Going on Instinct: A Mysterious Kernel Panic
There’s nothing quite like a Monday that begins with a Kernel panic on one of your most heavily used machines. I applied a set of updates to my CentOS 4.1 install on Friday (the pack of updates that apply to a fresh installation) only to come in and find that useradd was eating up 99% of one of the processors. Useradd wouldn’t accept a kill signal either so I scheduled a reboot. That was the last straw for the machine and it came up with a kernel panic in drivers/input/serio/i8042.c:988.
Doing my homework I found that the runaway useradd process is a known bug on both the Redhat and CentOS bugtrack. There was no mention of a kernel panic problem on reboot however. So I backed up my data and set out to do a clean installation. I walked through each of the 104 updates to the system to narrow down the troublemaker. Only when I had installed the upgraded device-mapper (1.01.04-1.0.RHEL4) did I experience the problem. As part of dependency resolution the machine had also oddly installed libselinux.i386, device-mapper.i386 and dmraid.i386.
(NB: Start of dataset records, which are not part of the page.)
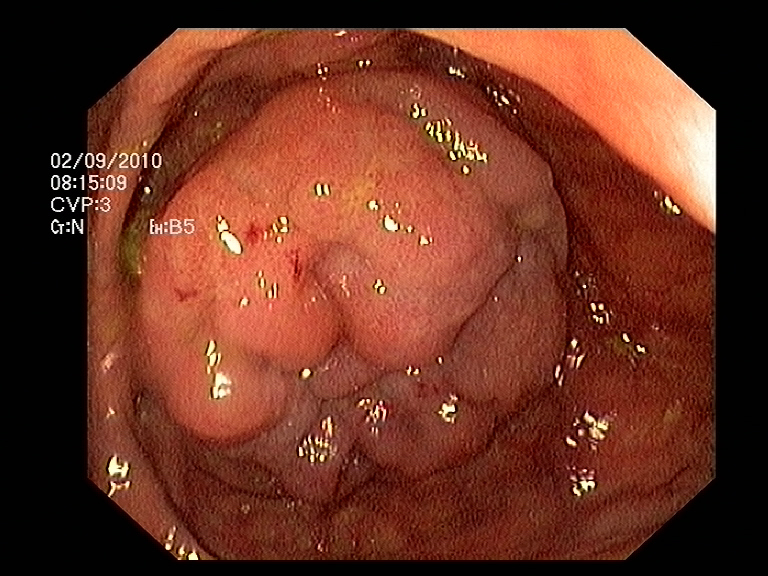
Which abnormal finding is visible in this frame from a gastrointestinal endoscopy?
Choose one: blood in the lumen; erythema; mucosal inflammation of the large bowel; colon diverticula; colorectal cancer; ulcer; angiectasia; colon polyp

colon polyp
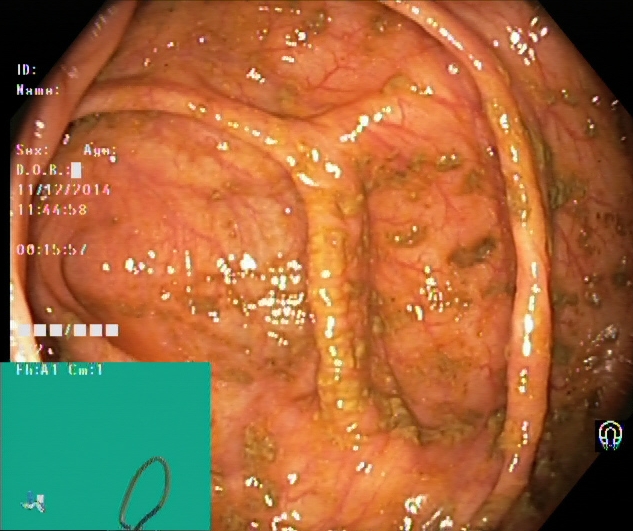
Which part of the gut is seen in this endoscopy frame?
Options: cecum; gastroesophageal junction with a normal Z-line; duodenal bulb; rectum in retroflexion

cecum
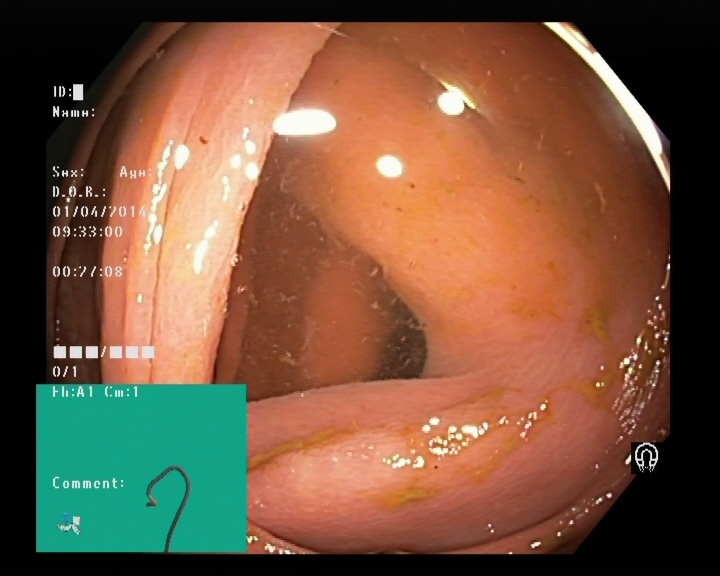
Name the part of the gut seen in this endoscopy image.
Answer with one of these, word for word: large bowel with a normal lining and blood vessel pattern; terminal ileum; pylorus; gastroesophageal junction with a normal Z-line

large bowel with a normal lining and blood vessel pattern
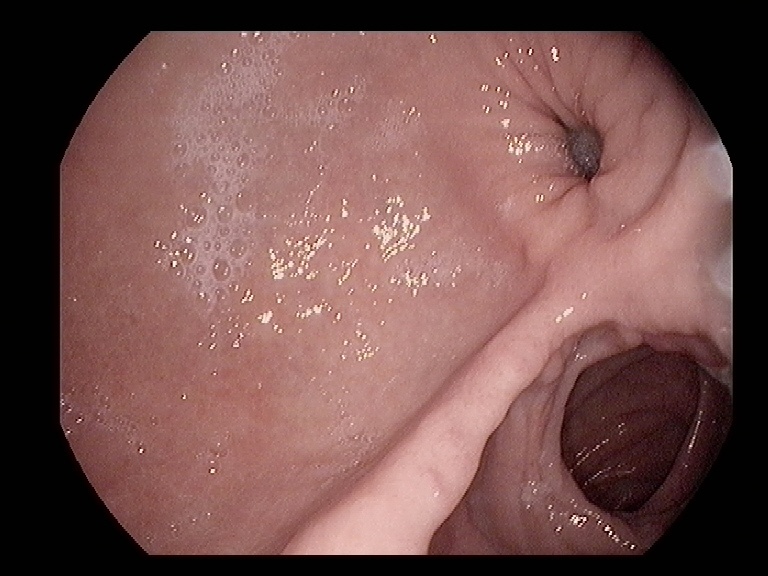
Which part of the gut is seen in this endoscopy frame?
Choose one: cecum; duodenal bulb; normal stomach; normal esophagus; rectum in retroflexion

normal stomach
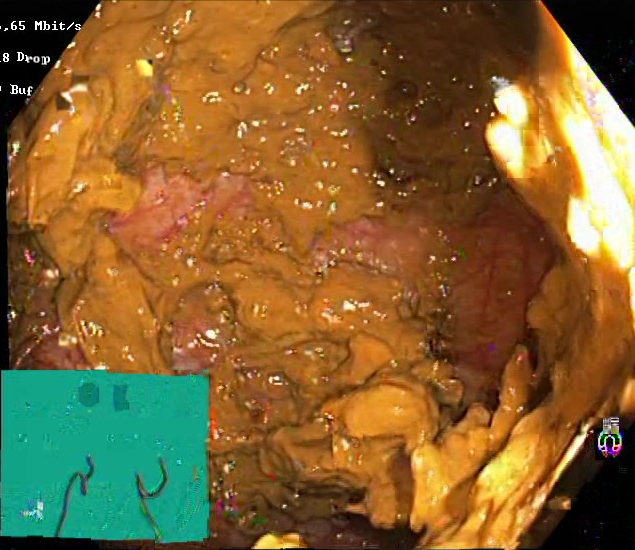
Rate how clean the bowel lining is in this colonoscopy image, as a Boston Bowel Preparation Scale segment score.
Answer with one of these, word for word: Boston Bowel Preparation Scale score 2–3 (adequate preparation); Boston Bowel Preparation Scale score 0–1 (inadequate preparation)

Boston Bowel Preparation Scale score 0–1 (inadequate preparation)
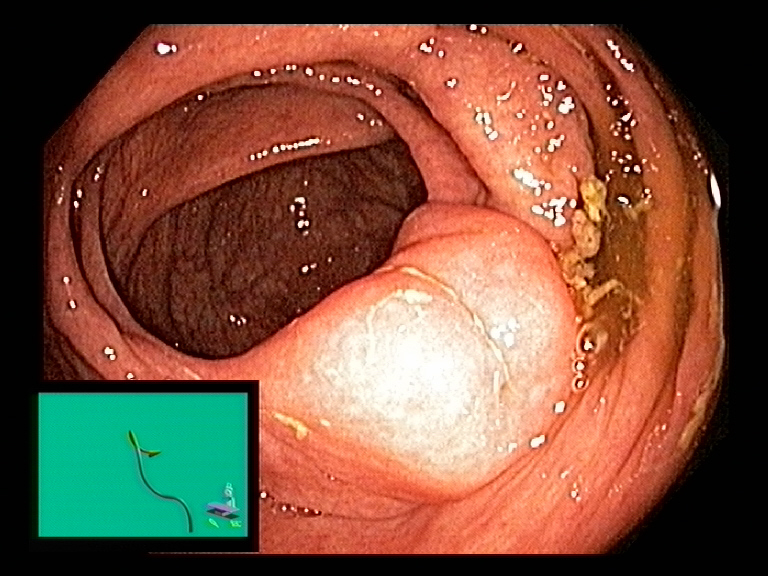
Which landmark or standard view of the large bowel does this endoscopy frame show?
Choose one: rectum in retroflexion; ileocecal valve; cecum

ileocecal valve
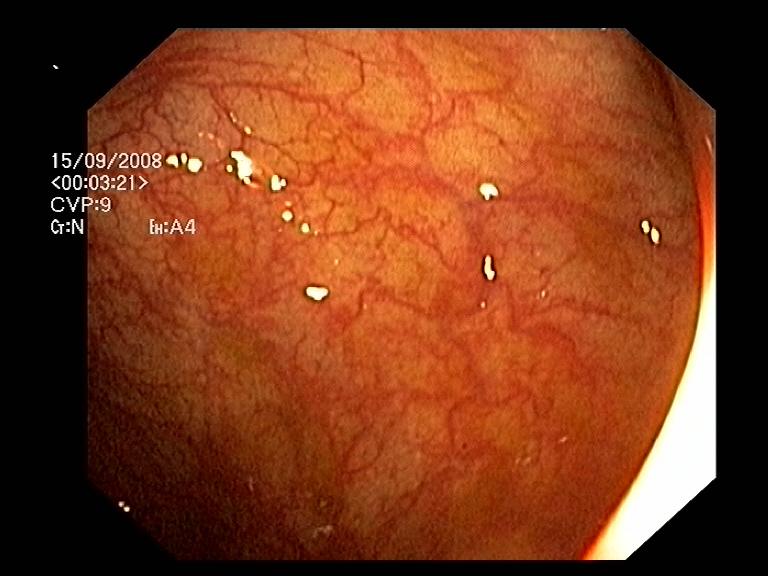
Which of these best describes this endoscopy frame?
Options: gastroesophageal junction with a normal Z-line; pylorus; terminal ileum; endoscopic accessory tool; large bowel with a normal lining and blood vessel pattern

large bowel with a normal lining and blood vessel pattern
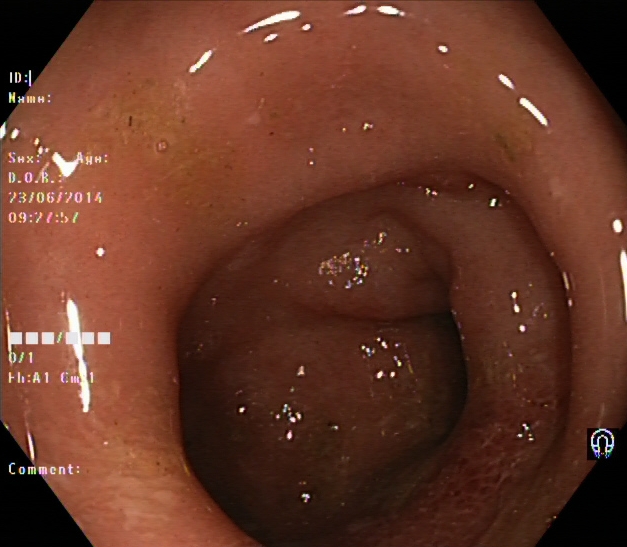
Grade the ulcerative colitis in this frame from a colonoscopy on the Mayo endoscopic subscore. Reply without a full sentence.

Noticing libselinux in the odd bunch I wanted to make sure my kernel wasn’t enabling selinux and tripping up on my 3ware RAID controller somehow. The 3ware RAID stood out in my mind because it was the only really unique piece of hardware on the machine that I would have had to install kernel support for in an earlier version. To make sure selinux was off I passed the kernel selinux=off via grub and lo and behold the machine booted. I’m still trying to determine precisely why the selinux policy would have conflicted with this setup and whether or not the new enhanced support for audit and its selinux interactions, also among the updated packages, might have something to do with it.